> [ACTIVITY]:
Up to and including the line that contains "count++</code>", write out every line of the entries exactly, beginning with the first. Omit the pictures.

--- SOURCE MATERIAL Enclosed Below ---

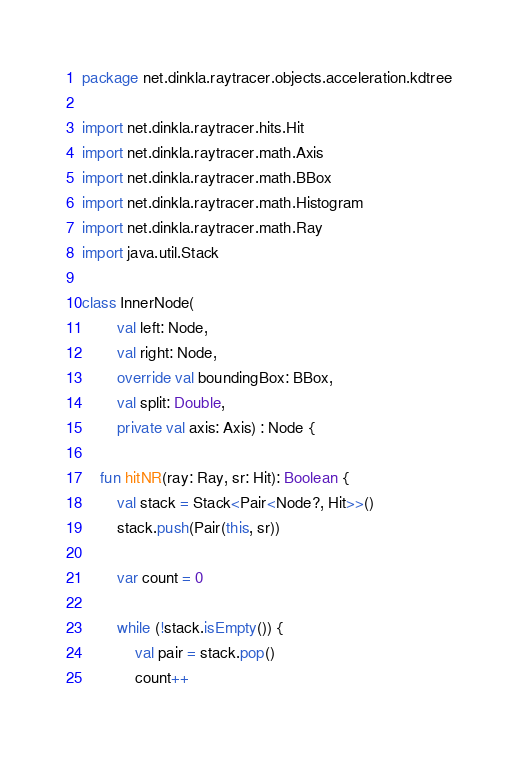<code> <loc_0><loc_0><loc_500><loc_500><_Kotlin_>package net.dinkla.raytracer.objects.acceleration.kdtree

import net.dinkla.raytracer.hits.Hit
import net.dinkla.raytracer.math.Axis
import net.dinkla.raytracer.math.BBox
import net.dinkla.raytracer.math.Histogram
import net.dinkla.raytracer.math.Ray
import java.util.Stack

class InnerNode(
        val left: Node,
        val right: Node,
        override val boundingBox: BBox,
        val split: Double,
        private val axis: Axis) : Node {

    fun hitNR(ray: Ray, sr: Hit): Boolean {
        val stack = Stack<Pair<Node?, Hit>>()
        stack.push(Pair(this, sr))

        var count = 0

        while (!stack.isEmpty()) {
            val pair = stack.pop()
            count++</code> 
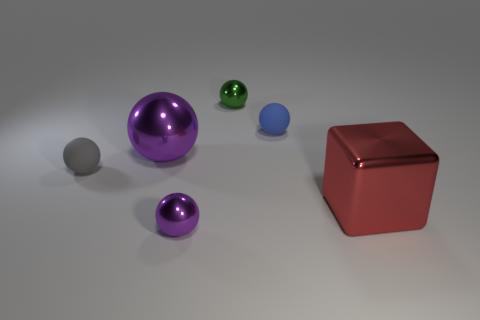How would the lighting affect the appearance of these objects if one of them were to be moved? If you moved any of the objects, their appearance would change due to the lighting. Shiny objects would reflect light differently, creating new highlights and shadows. If the object moved blocks light, it could cast a shadow on other objects, altering their visibility and the overall composition of the scene. Which object would show the most dramatic change if moved? The large purple metallic ball would likely show the most dramatic change. Its shiny surface is highly reflective, so moving it could greatly affect the light dynamics in the scene, including the reflections seen on its surface and how it casts light onto nearby objects. 
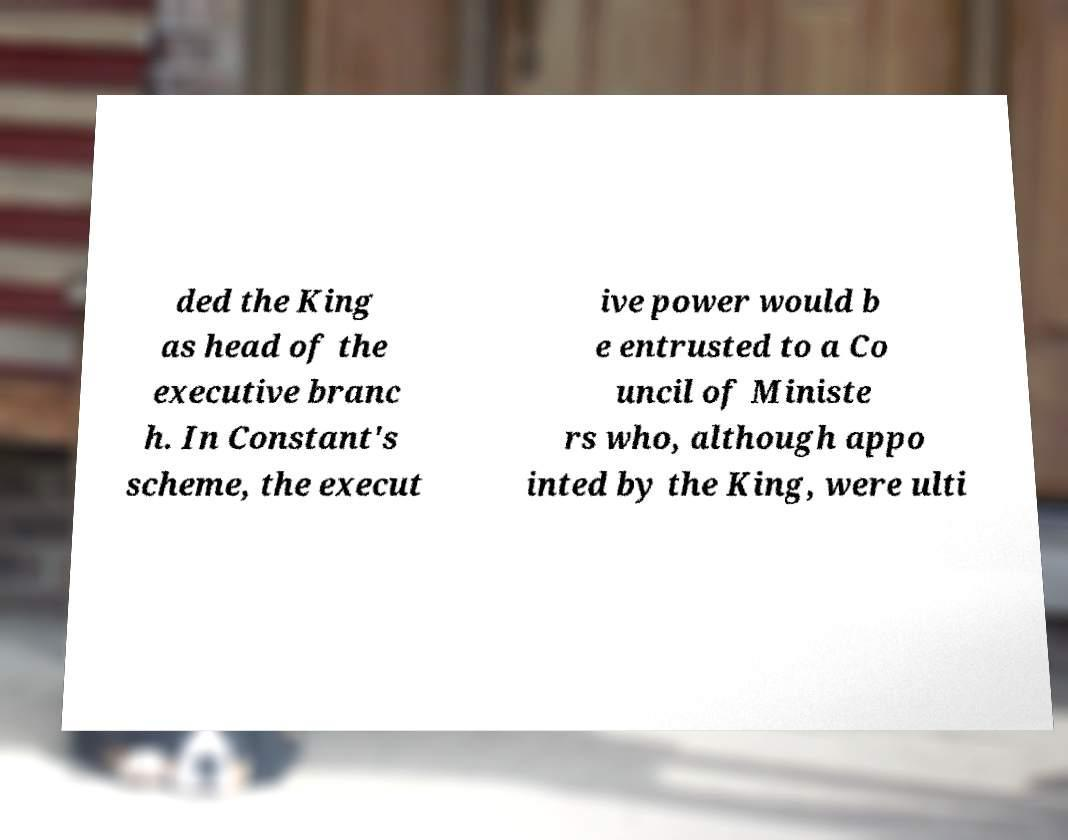Can you read and provide the text displayed in the image?This photo seems to have some interesting text. Can you extract and type it out for me? ded the King as head of the executive branc h. In Constant's scheme, the execut ive power would b e entrusted to a Co uncil of Ministe rs who, although appo inted by the King, were ulti 
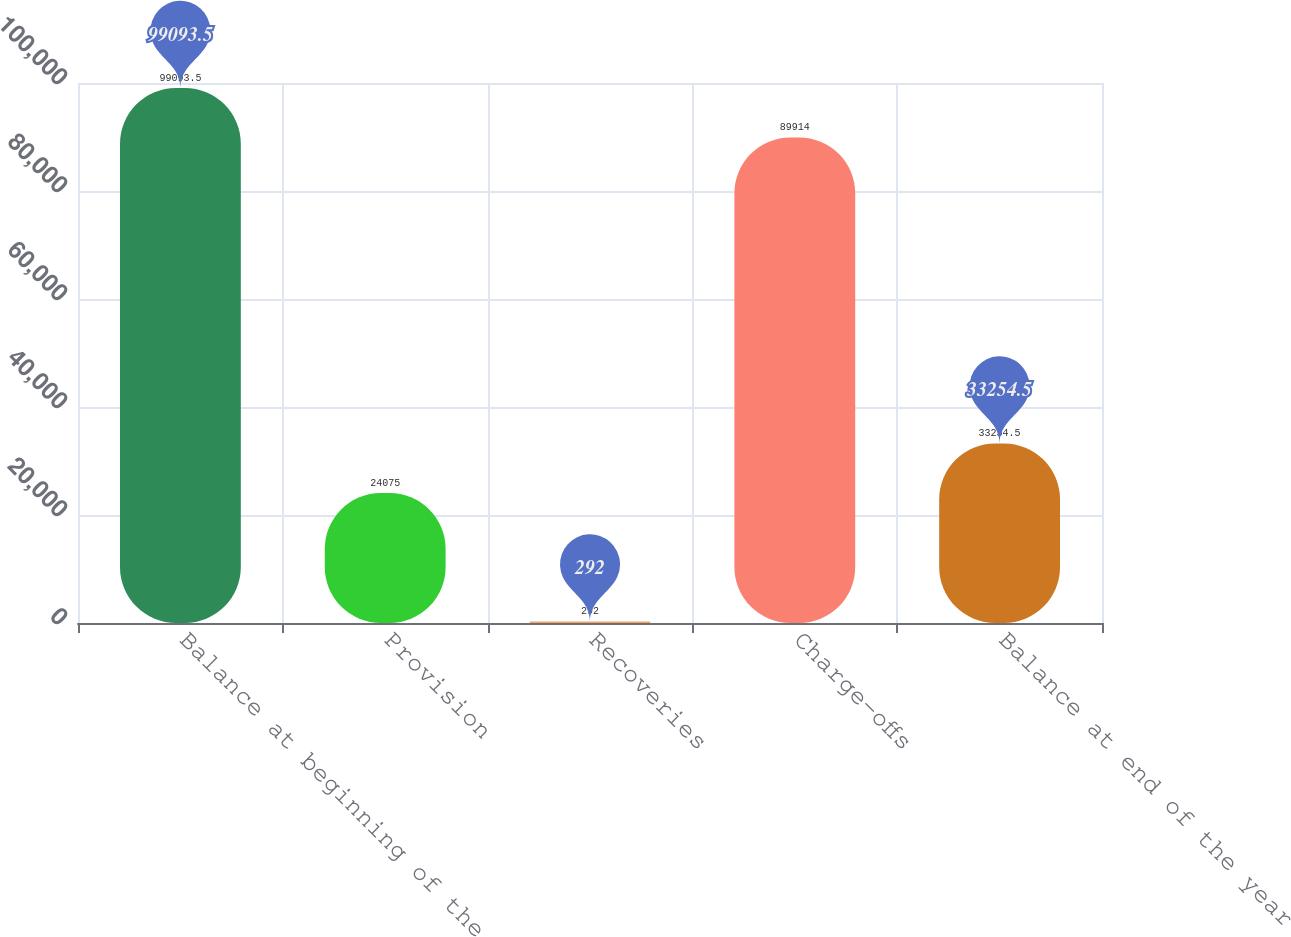Convert chart to OTSL. <chart><loc_0><loc_0><loc_500><loc_500><bar_chart><fcel>Balance at beginning of the<fcel>Provision<fcel>Recoveries<fcel>Charge-offs<fcel>Balance at end of the year<nl><fcel>99093.5<fcel>24075<fcel>292<fcel>89914<fcel>33254.5<nl></chart> 
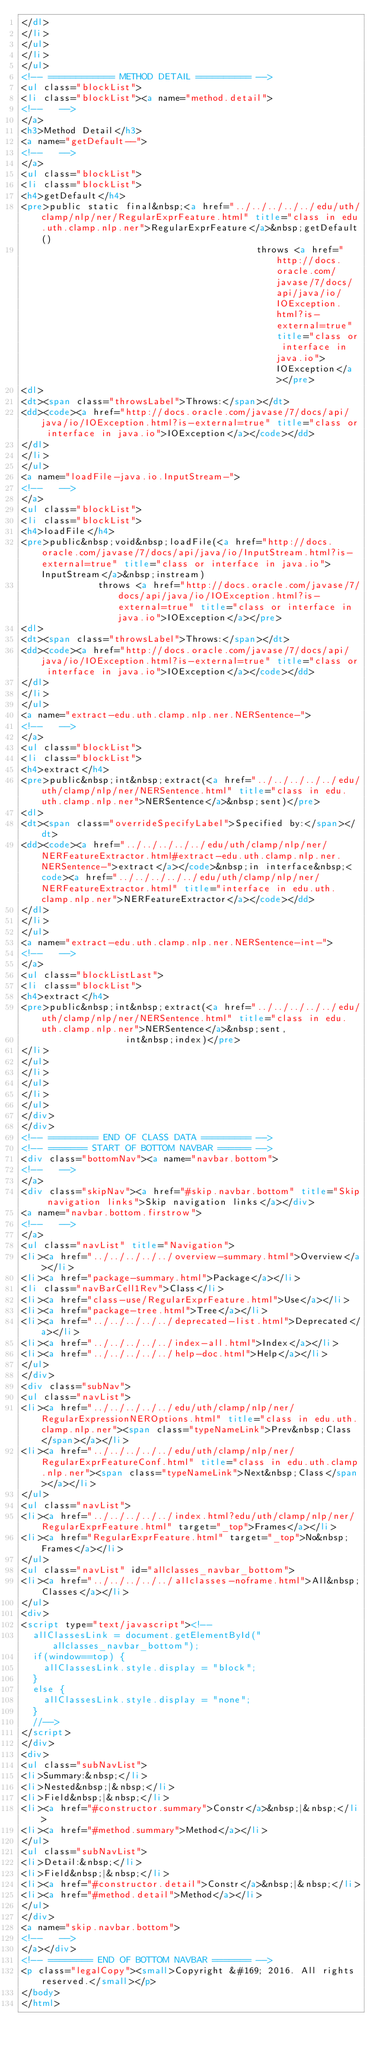<code> <loc_0><loc_0><loc_500><loc_500><_HTML_></dl>
</li>
</ul>
</li>
</ul>
<!-- ============ METHOD DETAIL ========== -->
<ul class="blockList">
<li class="blockList"><a name="method.detail">
<!--   -->
</a>
<h3>Method Detail</h3>
<a name="getDefault--">
<!--   -->
</a>
<ul class="blockList">
<li class="blockList">
<h4>getDefault</h4>
<pre>public static final&nbsp;<a href="../../../../../edu/uth/clamp/nlp/ner/RegularExprFeature.html" title="class in edu.uth.clamp.nlp.ner">RegularExprFeature</a>&nbsp;getDefault()
                                           throws <a href="http://docs.oracle.com/javase/7/docs/api/java/io/IOException.html?is-external=true" title="class or interface in java.io">IOException</a></pre>
<dl>
<dt><span class="throwsLabel">Throws:</span></dt>
<dd><code><a href="http://docs.oracle.com/javase/7/docs/api/java/io/IOException.html?is-external=true" title="class or interface in java.io">IOException</a></code></dd>
</dl>
</li>
</ul>
<a name="loadFile-java.io.InputStream-">
<!--   -->
</a>
<ul class="blockList">
<li class="blockList">
<h4>loadFile</h4>
<pre>public&nbsp;void&nbsp;loadFile(<a href="http://docs.oracle.com/javase/7/docs/api/java/io/InputStream.html?is-external=true" title="class or interface in java.io">InputStream</a>&nbsp;instream)
              throws <a href="http://docs.oracle.com/javase/7/docs/api/java/io/IOException.html?is-external=true" title="class or interface in java.io">IOException</a></pre>
<dl>
<dt><span class="throwsLabel">Throws:</span></dt>
<dd><code><a href="http://docs.oracle.com/javase/7/docs/api/java/io/IOException.html?is-external=true" title="class or interface in java.io">IOException</a></code></dd>
</dl>
</li>
</ul>
<a name="extract-edu.uth.clamp.nlp.ner.NERSentence-">
<!--   -->
</a>
<ul class="blockList">
<li class="blockList">
<h4>extract</h4>
<pre>public&nbsp;int&nbsp;extract(<a href="../../../../../edu/uth/clamp/nlp/ner/NERSentence.html" title="class in edu.uth.clamp.nlp.ner">NERSentence</a>&nbsp;sent)</pre>
<dl>
<dt><span class="overrideSpecifyLabel">Specified by:</span></dt>
<dd><code><a href="../../../../../edu/uth/clamp/nlp/ner/NERFeatureExtractor.html#extract-edu.uth.clamp.nlp.ner.NERSentence-">extract</a></code>&nbsp;in interface&nbsp;<code><a href="../../../../../edu/uth/clamp/nlp/ner/NERFeatureExtractor.html" title="interface in edu.uth.clamp.nlp.ner">NERFeatureExtractor</a></code></dd>
</dl>
</li>
</ul>
<a name="extract-edu.uth.clamp.nlp.ner.NERSentence-int-">
<!--   -->
</a>
<ul class="blockListLast">
<li class="blockList">
<h4>extract</h4>
<pre>public&nbsp;int&nbsp;extract(<a href="../../../../../edu/uth/clamp/nlp/ner/NERSentence.html" title="class in edu.uth.clamp.nlp.ner">NERSentence</a>&nbsp;sent,
                   int&nbsp;index)</pre>
</li>
</ul>
</li>
</ul>
</li>
</ul>
</div>
</div>
<!-- ========= END OF CLASS DATA ========= -->
<!-- ======= START OF BOTTOM NAVBAR ====== -->
<div class="bottomNav"><a name="navbar.bottom">
<!--   -->
</a>
<div class="skipNav"><a href="#skip.navbar.bottom" title="Skip navigation links">Skip navigation links</a></div>
<a name="navbar.bottom.firstrow">
<!--   -->
</a>
<ul class="navList" title="Navigation">
<li><a href="../../../../../overview-summary.html">Overview</a></li>
<li><a href="package-summary.html">Package</a></li>
<li class="navBarCell1Rev">Class</li>
<li><a href="class-use/RegularExprFeature.html">Use</a></li>
<li><a href="package-tree.html">Tree</a></li>
<li><a href="../../../../../deprecated-list.html">Deprecated</a></li>
<li><a href="../../../../../index-all.html">Index</a></li>
<li><a href="../../../../../help-doc.html">Help</a></li>
</ul>
</div>
<div class="subNav">
<ul class="navList">
<li><a href="../../../../../edu/uth/clamp/nlp/ner/RegularExpressionNEROptions.html" title="class in edu.uth.clamp.nlp.ner"><span class="typeNameLink">Prev&nbsp;Class</span></a></li>
<li><a href="../../../../../edu/uth/clamp/nlp/ner/RegularExprFeatureConf.html" title="class in edu.uth.clamp.nlp.ner"><span class="typeNameLink">Next&nbsp;Class</span></a></li>
</ul>
<ul class="navList">
<li><a href="../../../../../index.html?edu/uth/clamp/nlp/ner/RegularExprFeature.html" target="_top">Frames</a></li>
<li><a href="RegularExprFeature.html" target="_top">No&nbsp;Frames</a></li>
</ul>
<ul class="navList" id="allclasses_navbar_bottom">
<li><a href="../../../../../allclasses-noframe.html">All&nbsp;Classes</a></li>
</ul>
<div>
<script type="text/javascript"><!--
  allClassesLink = document.getElementById("allclasses_navbar_bottom");
  if(window==top) {
    allClassesLink.style.display = "block";
  }
  else {
    allClassesLink.style.display = "none";
  }
  //-->
</script>
</div>
<div>
<ul class="subNavList">
<li>Summary:&nbsp;</li>
<li>Nested&nbsp;|&nbsp;</li>
<li>Field&nbsp;|&nbsp;</li>
<li><a href="#constructor.summary">Constr</a>&nbsp;|&nbsp;</li>
<li><a href="#method.summary">Method</a></li>
</ul>
<ul class="subNavList">
<li>Detail:&nbsp;</li>
<li>Field&nbsp;|&nbsp;</li>
<li><a href="#constructor.detail">Constr</a>&nbsp;|&nbsp;</li>
<li><a href="#method.detail">Method</a></li>
</ul>
</div>
<a name="skip.navbar.bottom">
<!--   -->
</a></div>
<!-- ======== END OF BOTTOM NAVBAR ======= -->
<p class="legalCopy"><small>Copyright &#169; 2016. All rights reserved.</small></p>
</body>
</html>
</code> 
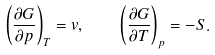<formula> <loc_0><loc_0><loc_500><loc_500>\left ( \frac { \partial G } { \partial p } \right ) _ { T } = v , \quad \left ( \frac { \partial G } { \partial T } \right ) _ { p } = - S .</formula> 
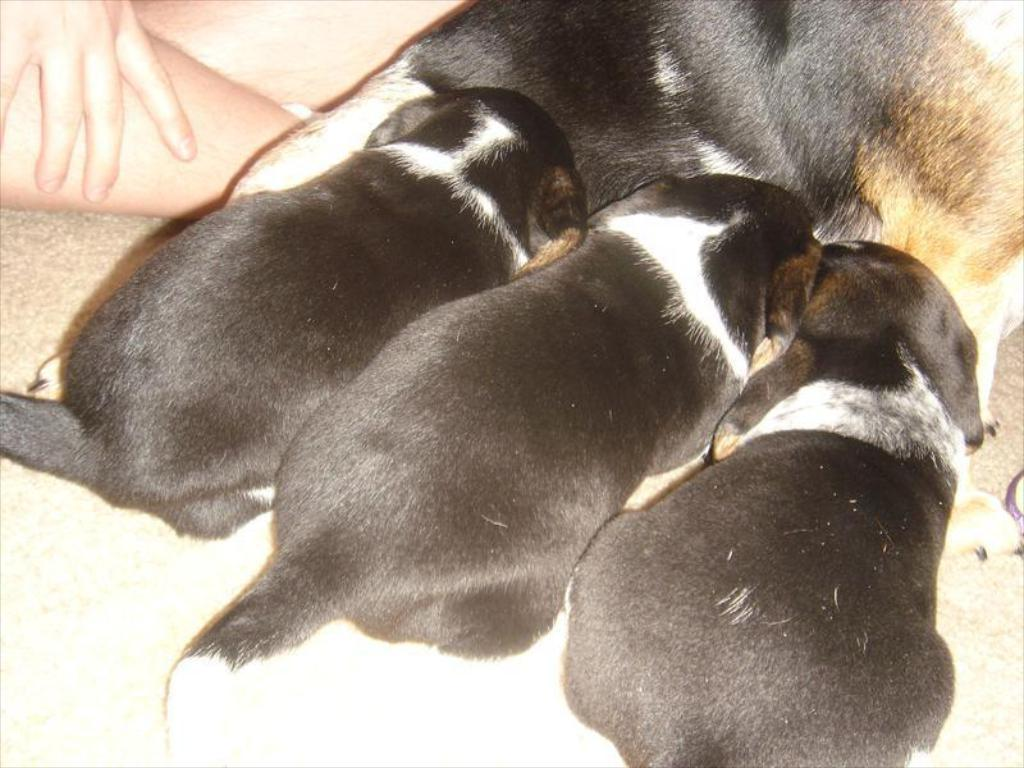How many dogs are present in the image? There are three dogs sitting in the image. What is the mother dog doing in the image? The mother dog is feeding the three dogs. Is there a person involved in the scene? Yes, there is a person holding the dogs. What type of fowl can be seen in the image? There are no fowl present in the image; it features three dogs and a person. 
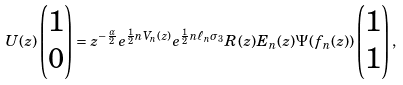<formula> <loc_0><loc_0><loc_500><loc_500>U ( z ) \begin{pmatrix} 1 \\ 0 \end{pmatrix} = z ^ { - \frac { \alpha } { 2 } } e ^ { \frac { 1 } { 2 } n V _ { n } ( z ) } e ^ { \frac { 1 } { 2 } n \ell _ { n } \sigma _ { 3 } } R ( z ) E _ { n } ( z ) \Psi ( f _ { n } ( z ) ) \begin{pmatrix} 1 \\ 1 \end{pmatrix} ,</formula>

--- End of Enclosed SOURCE MATERIAL ---

> [YOUR SOLUTION]:
<code> <loc_0><loc_0><loc_500><loc_500><_Kotlin_>package net.dinkla.raytracer.objects.acceleration.kdtree

import net.dinkla.raytracer.hits.Hit
import net.dinkla.raytracer.math.Axis
import net.dinkla.raytracer.math.BBox
import net.dinkla.raytracer.math.Histogram
import net.dinkla.raytracer.math.Ray
import java.util.Stack

class InnerNode(
        val left: Node,
        val right: Node,
        override val boundingBox: BBox,
        val split: Double,
        private val axis: Axis) : Node {

    fun hitNR(ray: Ray, sr: Hit): Boolean {
        val stack = Stack<Pair<Node?, Hit>>()
        stack.push(Pair(this, sr))

        var count = 0

        while (!stack.isEmpty()) {
            val pair = stack.pop()
            count++</code> 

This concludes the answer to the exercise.